- Born: c.1890 Scotland
- Died: 1958
- Occupation: Architect
- Practice: R. Fielding Dodd & Stevens
- Projects: St Peter's College, Oxford (1930) St Edmund Hall, Oxford (1934) Art School, Stowe School (1935) Chippinghurst Manor (1937)

= R. Fielding Dodd =

Scottish architect

Ronald Fielding Dodd ARIBA (c.1890 – 1958) was a Scottish architect, later based in England. He was an Associate of the Royal Institute of British Architects.

R. Fielding Dodd served as a Second Lieutenant in the British Army's Machine Gun Corps during World War I.

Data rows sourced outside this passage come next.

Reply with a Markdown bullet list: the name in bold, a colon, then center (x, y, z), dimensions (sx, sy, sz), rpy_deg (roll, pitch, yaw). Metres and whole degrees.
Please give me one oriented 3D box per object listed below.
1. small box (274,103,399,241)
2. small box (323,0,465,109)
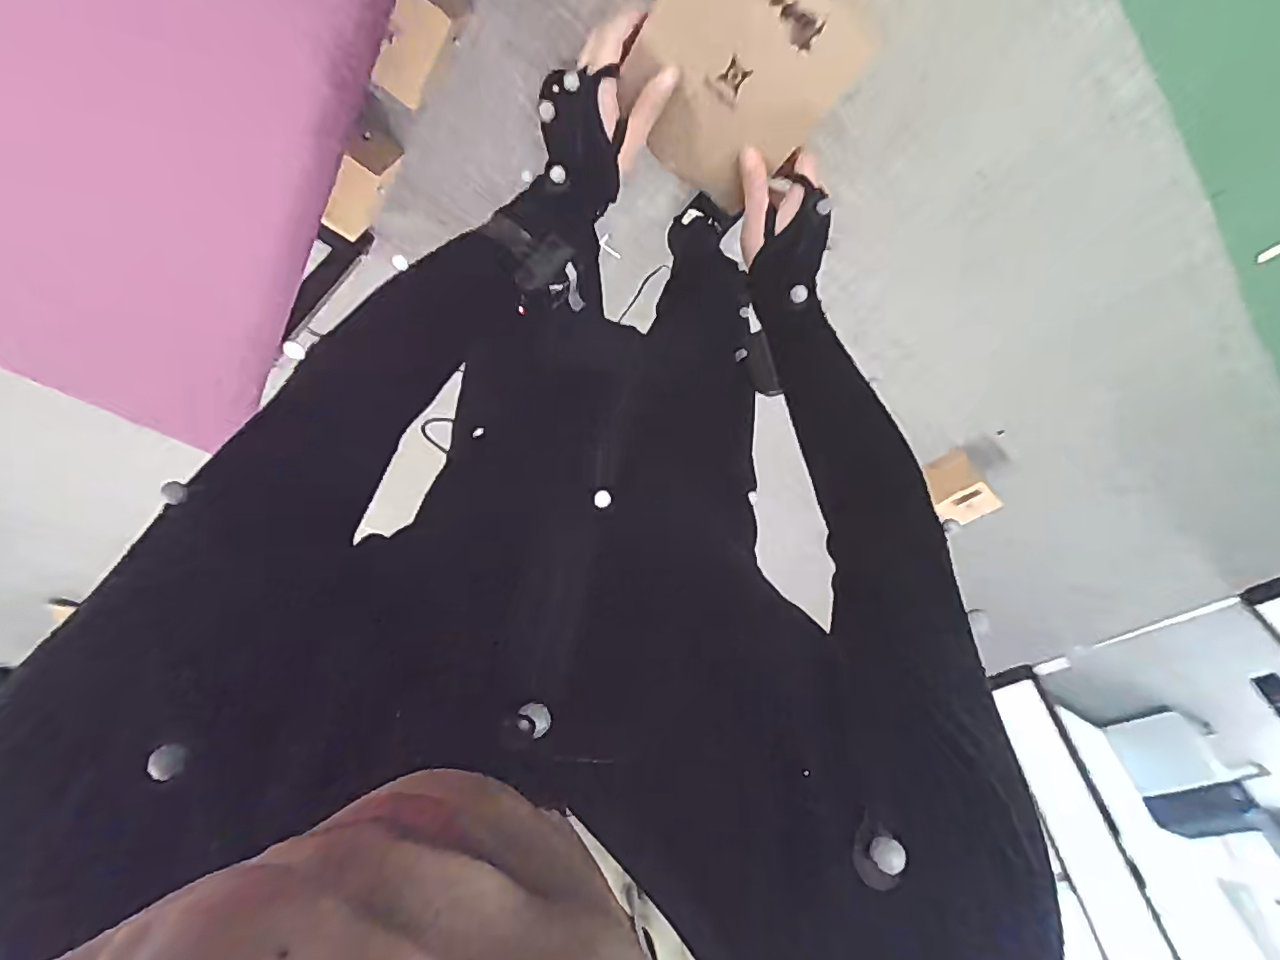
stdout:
- **small box**: center (-0.652, -0.670, 1.175), dimensions (0.168, 0.176, 0.179), rpy_deg (29, 129, -25)
- **small box**: center (-0.442, -0.840, 0.994), dimensions (0.168, 0.176, 0.179), rpy_deg (30, 130, -26)
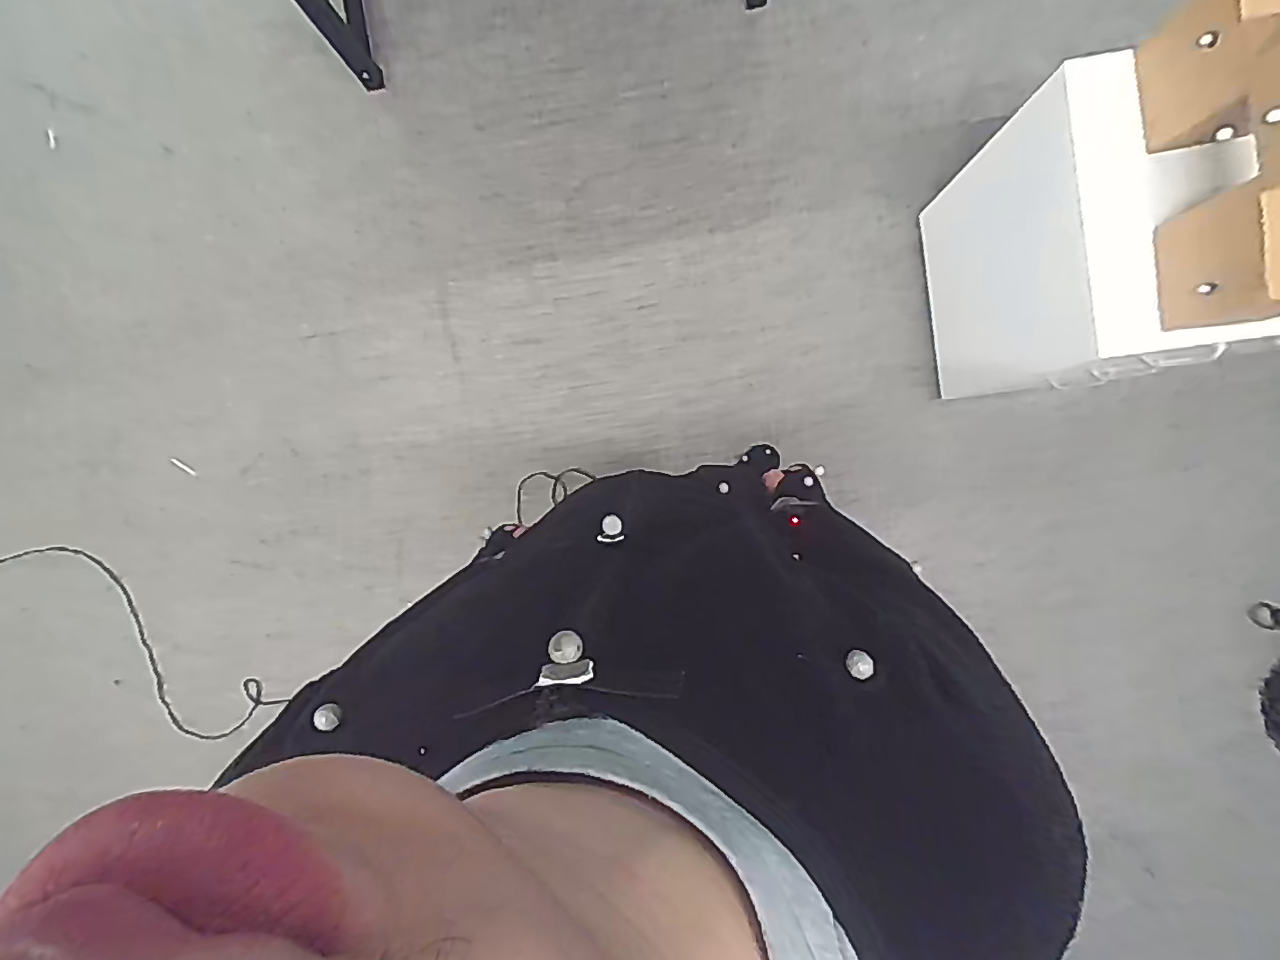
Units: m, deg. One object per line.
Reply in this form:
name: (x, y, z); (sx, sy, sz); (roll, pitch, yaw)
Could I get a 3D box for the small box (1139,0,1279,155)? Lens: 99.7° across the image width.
small box: (0.903, -0.630, 0.809); (0.168, 0.176, 0.179); (-9, 92, 4)

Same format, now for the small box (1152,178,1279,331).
small box: (0.934, -0.333, 0.815); (0.168, 0.176, 0.179); (-6, 89, 3)

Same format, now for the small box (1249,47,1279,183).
small box: (0.909, -0.482, 0.650); (0.168, 0.176, 0.179); (-9, 92, 4)

Dodd was most active as an architect in the 1930s. In 1930, Dodd used a Wren revival style with an accentuated roofline at St Peter's College, Oxford. The Hannington Quad at the college was formed by the construction of an accommodation block designed by Dodd with the help of Sir Herbert Baker behind the older buildings in a red-brick neo-Georgian style. In 1934, he completed the south side of the quadrangle at St Edmund Hall, Oxford, marking the 700th anniversary of St Edmund's consecration as the Archbishop of Canterbury. In 1935, he designed the Art School at Stowe School. In 1937, he added a neo-Georgian frontage to the Acland Hospital in North Oxford. Also in 1937, he worked on extending the 16-century Chippinghurst Manor, a neo-vernacular country house near Little Milton, Oxfordshire.

Dodd co-founded the architectural firm R. Fielding Dodd & Stevens. Later, the firm became Stevens, Flavel & Beard. The firm was based in Turl Street, Oxford.

There is now a Fielding Dodd Prize for "Outstanding Work" involving architecture at Oxford Brookes University.